[Items from a data source]
____

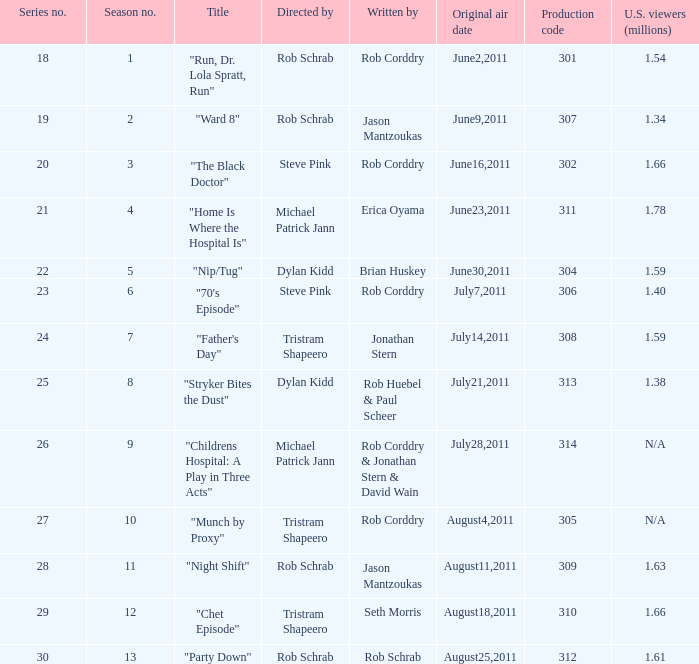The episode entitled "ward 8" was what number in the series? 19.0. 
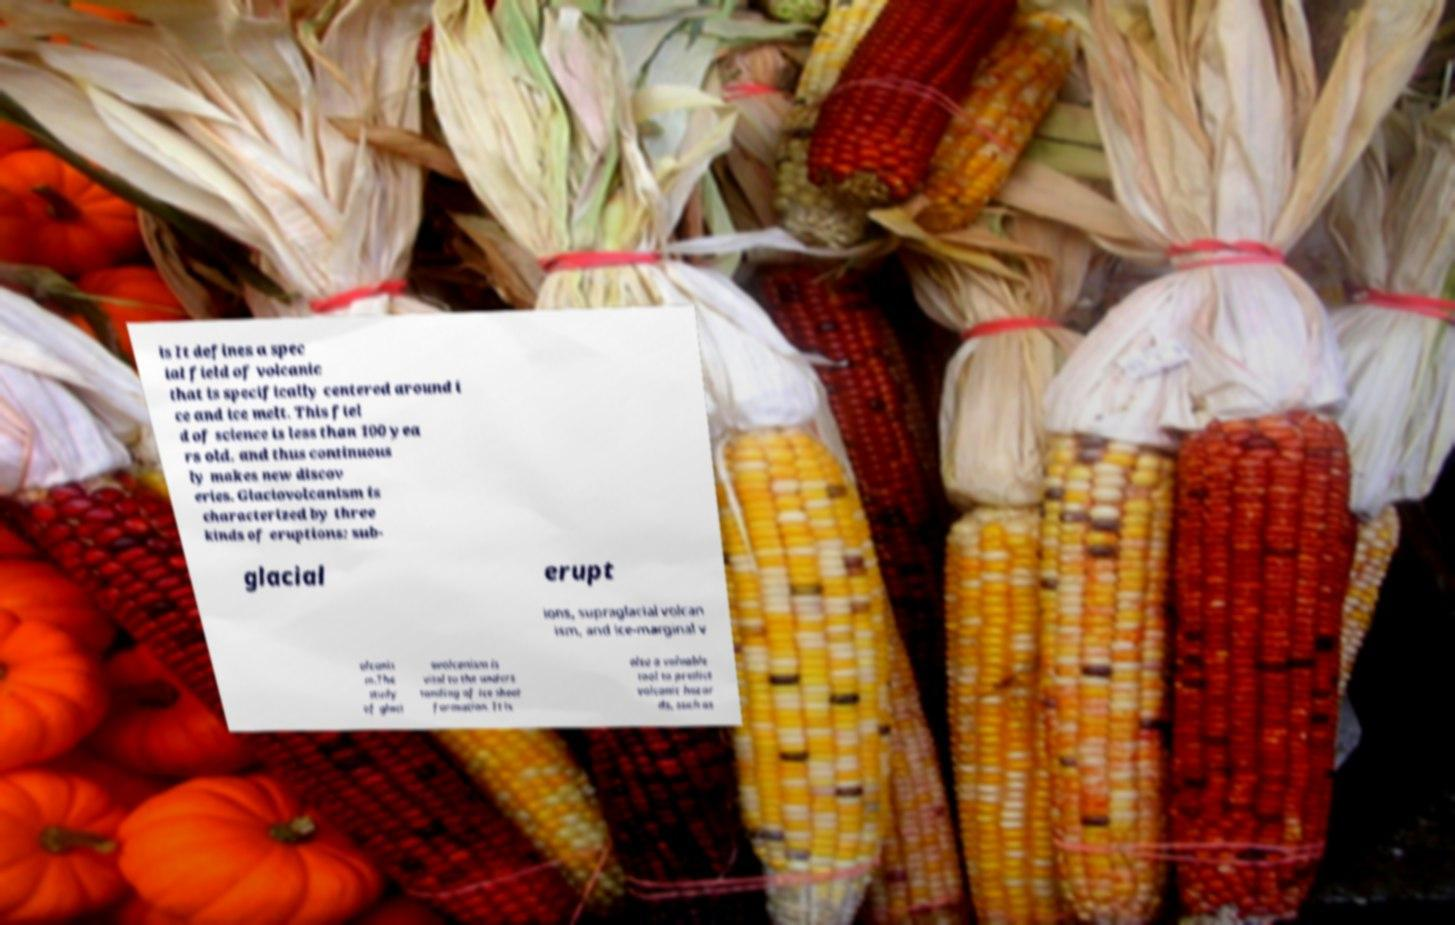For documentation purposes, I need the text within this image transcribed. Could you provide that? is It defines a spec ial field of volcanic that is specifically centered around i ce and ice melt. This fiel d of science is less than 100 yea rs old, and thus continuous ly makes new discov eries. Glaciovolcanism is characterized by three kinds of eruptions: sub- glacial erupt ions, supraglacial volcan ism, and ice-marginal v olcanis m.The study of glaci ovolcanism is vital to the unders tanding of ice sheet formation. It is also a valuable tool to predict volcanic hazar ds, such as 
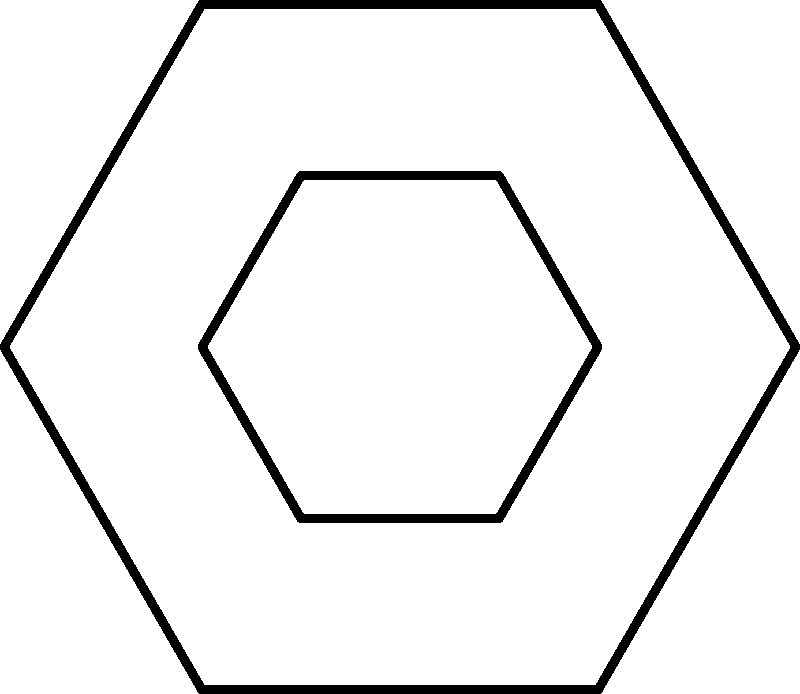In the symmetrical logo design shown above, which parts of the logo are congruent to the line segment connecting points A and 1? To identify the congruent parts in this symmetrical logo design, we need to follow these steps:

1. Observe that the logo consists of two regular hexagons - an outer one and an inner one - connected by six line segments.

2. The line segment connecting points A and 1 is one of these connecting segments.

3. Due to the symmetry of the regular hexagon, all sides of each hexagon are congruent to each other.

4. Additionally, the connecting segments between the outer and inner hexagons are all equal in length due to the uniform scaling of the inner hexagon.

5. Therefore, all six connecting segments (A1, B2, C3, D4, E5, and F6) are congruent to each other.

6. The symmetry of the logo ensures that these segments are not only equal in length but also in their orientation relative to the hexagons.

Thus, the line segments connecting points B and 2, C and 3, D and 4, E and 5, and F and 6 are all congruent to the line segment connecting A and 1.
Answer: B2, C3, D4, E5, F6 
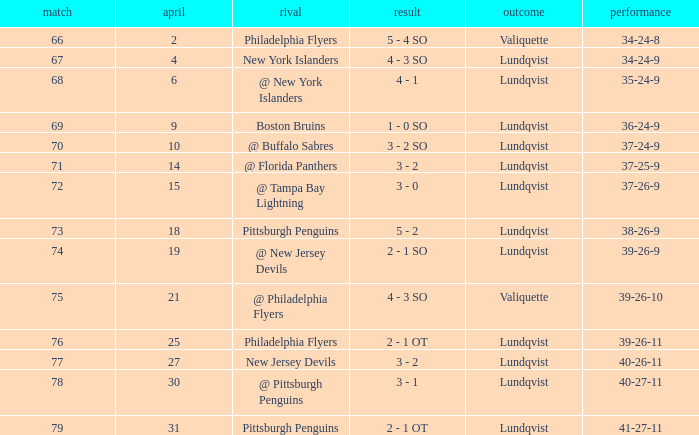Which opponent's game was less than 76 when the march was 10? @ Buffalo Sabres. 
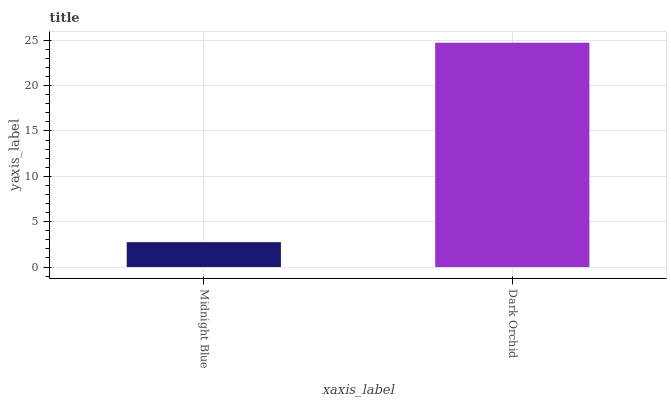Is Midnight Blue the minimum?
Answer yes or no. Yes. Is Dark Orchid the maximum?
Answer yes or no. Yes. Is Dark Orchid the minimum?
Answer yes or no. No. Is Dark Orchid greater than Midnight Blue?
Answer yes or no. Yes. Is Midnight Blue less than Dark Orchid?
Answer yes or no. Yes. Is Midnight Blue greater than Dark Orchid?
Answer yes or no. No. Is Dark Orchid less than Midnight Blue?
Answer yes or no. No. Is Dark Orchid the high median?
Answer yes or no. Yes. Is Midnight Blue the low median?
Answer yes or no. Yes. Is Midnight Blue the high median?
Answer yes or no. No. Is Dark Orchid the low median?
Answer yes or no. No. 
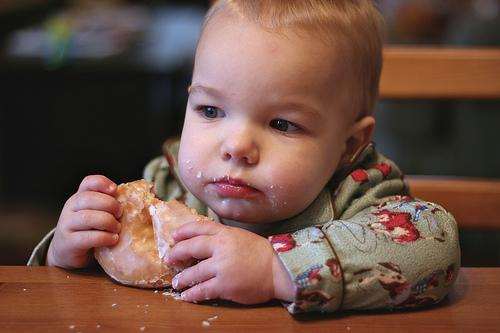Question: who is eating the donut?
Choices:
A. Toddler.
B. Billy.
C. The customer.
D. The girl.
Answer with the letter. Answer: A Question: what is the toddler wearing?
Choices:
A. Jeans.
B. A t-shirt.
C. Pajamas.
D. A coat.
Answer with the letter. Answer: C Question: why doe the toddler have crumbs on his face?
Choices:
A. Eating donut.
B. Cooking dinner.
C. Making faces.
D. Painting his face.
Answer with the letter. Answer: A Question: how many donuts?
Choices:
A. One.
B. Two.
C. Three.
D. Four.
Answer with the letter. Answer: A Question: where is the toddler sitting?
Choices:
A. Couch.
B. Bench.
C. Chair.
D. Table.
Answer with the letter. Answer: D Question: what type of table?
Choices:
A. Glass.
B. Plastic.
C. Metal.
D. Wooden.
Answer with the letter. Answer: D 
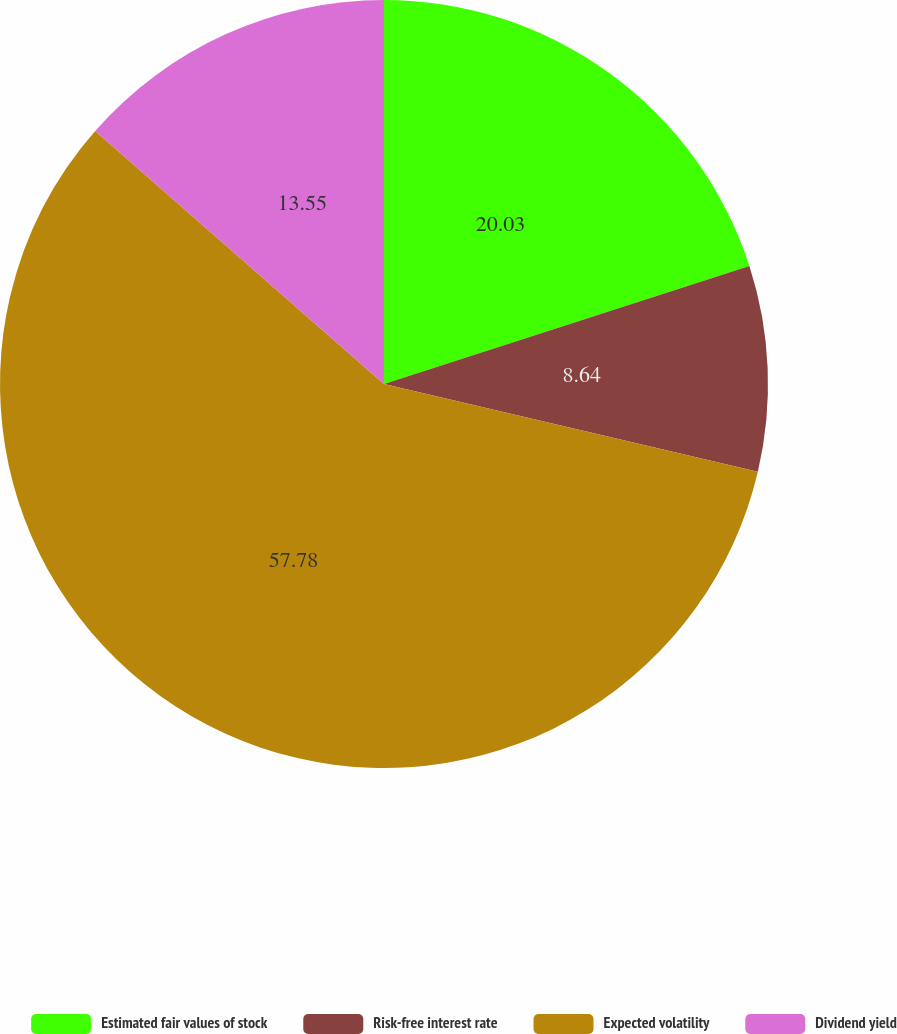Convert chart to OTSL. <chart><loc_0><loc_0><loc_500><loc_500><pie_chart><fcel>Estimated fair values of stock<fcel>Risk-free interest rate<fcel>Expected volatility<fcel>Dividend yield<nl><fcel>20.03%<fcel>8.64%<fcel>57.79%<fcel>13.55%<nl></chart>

____

> [Work to complete]:
Leave the pictures aside and give every entry above again word for word.

> [Exercise output]:
The episode entitled "ward 8" was what number in the series? 19.0. 
For documentation purposes, I need the text within this image transcribed. Could you provide that? is It defines a spec ial field of volcanic that is specifically centered around i ce and ice melt. This fiel d of science is less than 100 yea rs old, and thus continuous ly makes new discov eries. Glaciovolcanism is characterized by three kinds of eruptions: sub- glacial erupt ions, supraglacial volcan ism, and ice-marginal v olcanis m.The study of glaci ovolcanism is vital to the unders tanding of ice sheet formation. It is also a valuable tool to predict volcanic hazar ds, such as 
In the symmetrical logo design shown above, which parts of the logo are congruent to the line segment connecting points A and 1? To identify the congruent parts in this symmetrical logo design, we need to follow these steps:

1. Observe that the logo consists of two regular hexagons - an outer one and an inner one - connected by six line segments.

2. The line segment connecting points A and 1 is one of these connecting segments.

3. Due to the symmetry of the regular hexagon, all sides of each hexagon are congruent to each other.

4. Additionally, the connecting segments between the outer and inner hexagons are all equal in length due to the uniform scaling of the inner hexagon.

5. Therefore, all six connecting segments (A1, B2, C3, D4, E5, and F6) are congruent to each other.

6. The symmetry of the logo ensures that these segments are not only equal in length but also in their orientation relative to the hexagons.

Thus, the line segments connecting points B and 2, C and 3, D and 4, E and 5, and F and 6 are all congruent to the line segment connecting A and 1.
Answer: B2, C3, D4, E5, F6 
Which opponent's game was less than 76 when the march was 10? @ Buffalo Sabres. 
Is Midnight Blue the minimum?
Answer yes or no. Yes. Is Dark Orchid the maximum?
Answer yes or no. Yes. Is Dark Orchid the minimum?
Answer yes or no. No. Is Dark Orchid greater than Midnight Blue?
Answer yes or no. Yes. Is Midnight Blue less than Dark Orchid?
Answer yes or no. Yes. Is Midnight Blue greater than Dark Orchid?
Answer yes or no. No. Is Dark Orchid less than Midnight Blue?
Answer yes or no. No. Is Dark Orchid the high median?
Answer yes or no. Yes. Is Midnight Blue the low median?
Answer yes or no. Yes. Is Midnight Blue the high median?
Answer yes or no. No. Is Dark Orchid the low median?
Answer yes or no. No. 
Question: who is eating the donut?
Choices:
A. Toddler.
B. Billy.
C. The customer.
D. The girl.
Answer with the letter. Answer: A Question: what is the toddler wearing?
Choices:
A. Jeans.
B. A t-shirt.
C. Pajamas.
D. A coat.
Answer with the letter. Answer: C Question: why doe the toddler have crumbs on his face?
Choices:
A. Eating donut.
B. Cooking dinner.
C. Making faces.
D. Painting his face.
Answer with the letter. Answer: A Question: how many donuts?
Choices:
A. One.
B. Two.
C. Three.
D. Four.
Answer with the letter. Answer: A Question: where is the toddler sitting?
Choices:
A. Couch.
B. Bench.
C. Chair.
D. Table.
Answer with the letter. Answer: D Question: what type of table?
Choices:
A. Glass.
B. Plastic.
C. Metal.
D. Wooden.
Answer with the letter. Answer: D 
Convert chart to OTSL. <chart><loc_0><loc_0><loc_500><loc_500><pie_chart><fcel>Estimated fair values of stock<fcel>Risk-free interest rate<fcel>Expected volatility<fcel>Dividend yield<nl><fcel>20.03%<fcel>8.64%<fcel>57.79%<fcel>13.55%<nl></chart>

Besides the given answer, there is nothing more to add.